宋昭当然知晓雷霆雨露皆是君恩,可太子这般维护,就不怕一并弹劾吗?难道真的是为了她在刑部大堂说的话,要她南州二十万兵权?
那日她说效忠太子,不过是权宜之计,兵权之事,太子深谙朝堂之道,怎会轻信她一个纨绔世子说的话?

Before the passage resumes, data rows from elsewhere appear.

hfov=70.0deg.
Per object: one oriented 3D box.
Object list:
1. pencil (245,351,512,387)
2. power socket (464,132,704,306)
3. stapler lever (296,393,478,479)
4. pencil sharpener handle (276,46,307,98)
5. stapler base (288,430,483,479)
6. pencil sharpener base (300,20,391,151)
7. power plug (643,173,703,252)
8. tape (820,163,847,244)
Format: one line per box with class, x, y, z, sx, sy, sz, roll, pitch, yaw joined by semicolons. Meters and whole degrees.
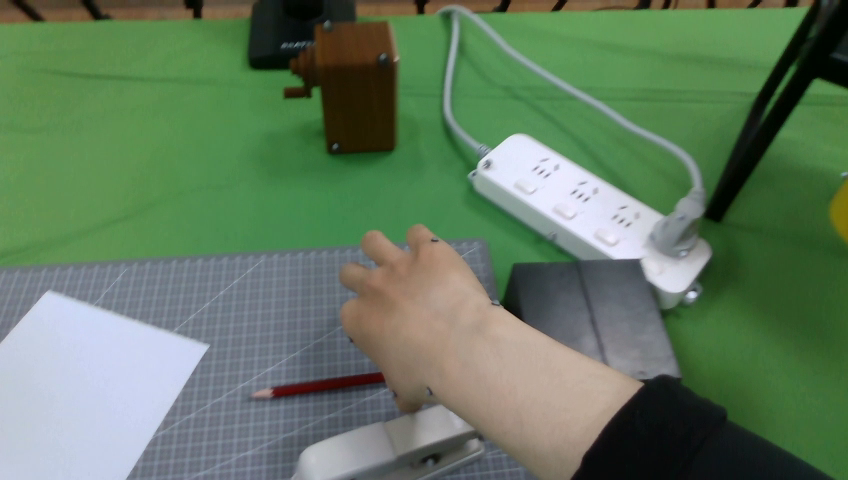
pencil;-0.032;0.095;0.443;0.194;0.012;0.012;-5;53;-6
power socket;0.138;-0.024;0.537;0.225;0.033;0.072;35;57;22
stapler lever;-0.022;0.124;0.380;0.118;0.040;0.026;-17;56;-18
pencil sharpener handle;-0.122;-0.148;0.549;0.031;0.068;0.036;-6;75;-8
stapler base;-0.024;0.141;0.399;0.131;0.024;0.041;-17;57;-18
pencil sharpener base;-0.072;-0.141;0.564;0.077;0.108;0.060;-6;53;-8
power plug;0.215;-0.016;0.506;0.072;0.053;0.035;-32;60;-24
tape;0.436;-0.034;0.555;0.117;0.053;0.115;2;54;-2
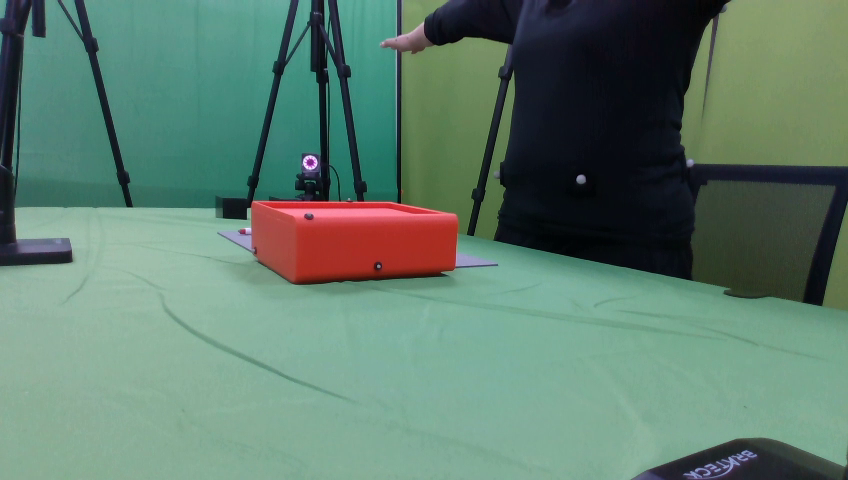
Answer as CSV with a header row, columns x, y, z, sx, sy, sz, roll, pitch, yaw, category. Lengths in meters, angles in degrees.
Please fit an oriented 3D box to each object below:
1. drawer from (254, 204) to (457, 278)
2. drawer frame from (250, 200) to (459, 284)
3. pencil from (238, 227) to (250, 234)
x,y,z,sx,sy,sz,roll,pitch,yaw,category
-0.094,-0.005,0.790,0.213,0.073,0.193,-3,10,-30,drawer
-0.096,-0.005,0.788,0.215,0.082,0.200,-3,10,-30,drawer frame
-0.240,-0.015,1.105,0.195,0.012,0.012,1,7,-30,pencil
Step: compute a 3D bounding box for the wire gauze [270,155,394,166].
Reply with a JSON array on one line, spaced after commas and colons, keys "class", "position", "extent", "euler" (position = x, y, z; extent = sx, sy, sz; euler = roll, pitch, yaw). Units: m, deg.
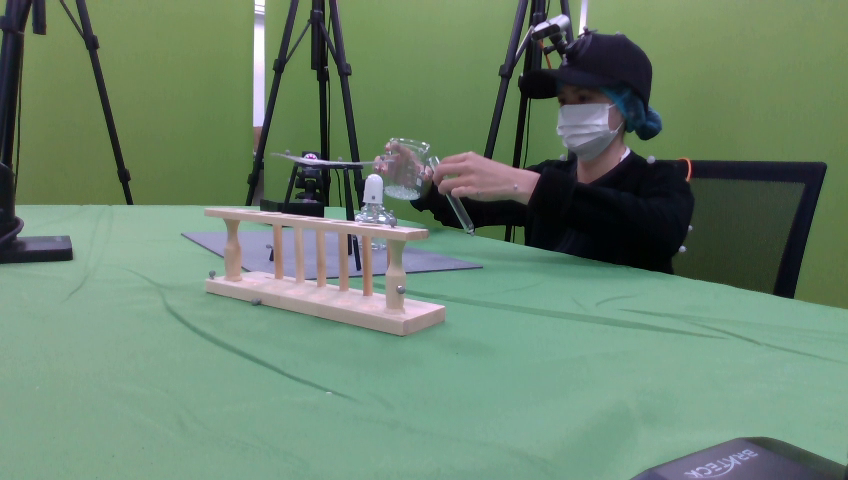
[{"class": "wire gauze", "position": [-0.121, -0.102, 0.785], "extent": [0.122, 0.011, 0.124], "euler": [-3, 10, -38]}]

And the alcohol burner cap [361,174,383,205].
[{"class": "alcohol burner cap", "position": [-0.080, -0.078, 0.944], "extent": [0.034, 0.048, 0.034], "euler": [5, 8, 0]}]

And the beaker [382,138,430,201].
[{"class": "beaker", "position": [-0.032, -0.125, 1.078], "extent": [0.074, 0.100, 0.083], "euler": [-7, 24, -43]}]

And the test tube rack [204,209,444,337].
[{"class": "test tube rack", "position": [-0.100, 0.021, 0.565], "extent": [0.241, 0.085, 0.067], "euler": [7, 9, 32]}]

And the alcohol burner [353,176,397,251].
[{"class": "alcohol burner", "position": [-0.082, -0.043, 0.950], "extent": [0.078, 0.119, 0.078], "euler": [1, 8, 0]}]

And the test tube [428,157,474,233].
[{"class": "test tube", "position": [0.041, -0.071, 0.935], "extent": [0.017, 0.017, 0.149], "euler": [-3, 54, -36]}]

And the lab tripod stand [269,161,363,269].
[{"class": "lab tripod stand", "position": [-0.125, -0.036, 0.794], "extent": [0.148, 0.131, 0.148], "euler": [5, 7, 0]}]
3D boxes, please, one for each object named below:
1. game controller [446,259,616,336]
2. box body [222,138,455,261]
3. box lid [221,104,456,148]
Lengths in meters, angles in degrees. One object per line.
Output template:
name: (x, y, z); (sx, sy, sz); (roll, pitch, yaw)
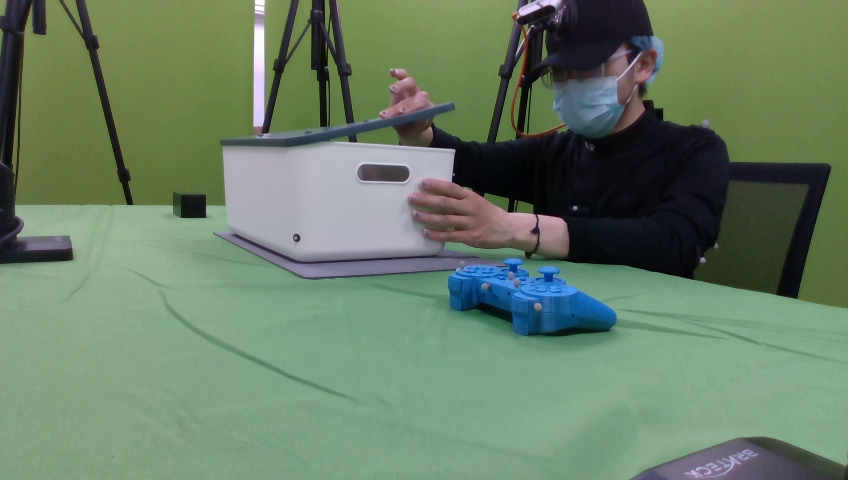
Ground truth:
game controller: (0.091, 0.048, 0.562); (0.097, 0.051, 0.154); (-7, 10, -32)
box body: (-0.150, -0.074, 0.960); (0.255, 0.160, 0.362); (-2, 9, -33)
box lid: (-0.148, -0.173, 0.942); (0.264, 0.015, 0.369); (-18, 16, -29)

宋昭到这时才反应过来,怪不得近几日送礼,众官员都换了副面孔,原来是冲着太子而来。
……
夜幕降临,宋昭独自走在喧闹的街市,远远瞧见那日为太子驾车的护卫,站在街角,暗中警惕。
身旁的萧钺,一袭雨过天青锦袍,裹着玄色大氅,伸手去接小摊贩递来的珠钗,戴在身旁女子的发髻上,目光专注而温柔。
那女子娇俏可人,身着京中最时兴的妆花襦裙,披着纯白狐裘,头上的珠翠光彩照人,身旁前呼后拥跟着众多丫鬟婆子,尊贵无比。
“不过是支普通的珠花,就欢喜成这样?”他说。
“只要是钺哥哥买的,就是最好的礼物。”女子眉眼弯弯,笑起来格外好看。
“公子买花吗?买一支给娘子戴吧?娘子这么美,肯定喜欢。”一个小童这时候上前,挽着一个花篮,仰着小脸脆生生地问,眼中满是渴望。
宋昭眼中忽然一热,数月前,在南洲的月影节,同样有个小童,问过同样的话。
“钺哥哥~”女子拉着萧钺的衣角,娇蛮任性地撒着娇。
“买买买,都买给你。”萧钺无奈地笑了笑,低头去看小童的花篮。
宋昭垂下眼睫,掩住所有情绪,转身朝相反的方向而去。
“世子,”茯苓跟了上来,“前面有家卖芙蓉糕的,我们买些回去?”
宋昭面无表情地点了点头,心中却像突然少了什么一样,人来人往的大街上,冷得骇人。
她沿着街道漫无目的地前行,越走越快,似要将身后的影子甩掉一般。
眼前的景物渐渐模糊一片,身边的行人也变得稀少起来。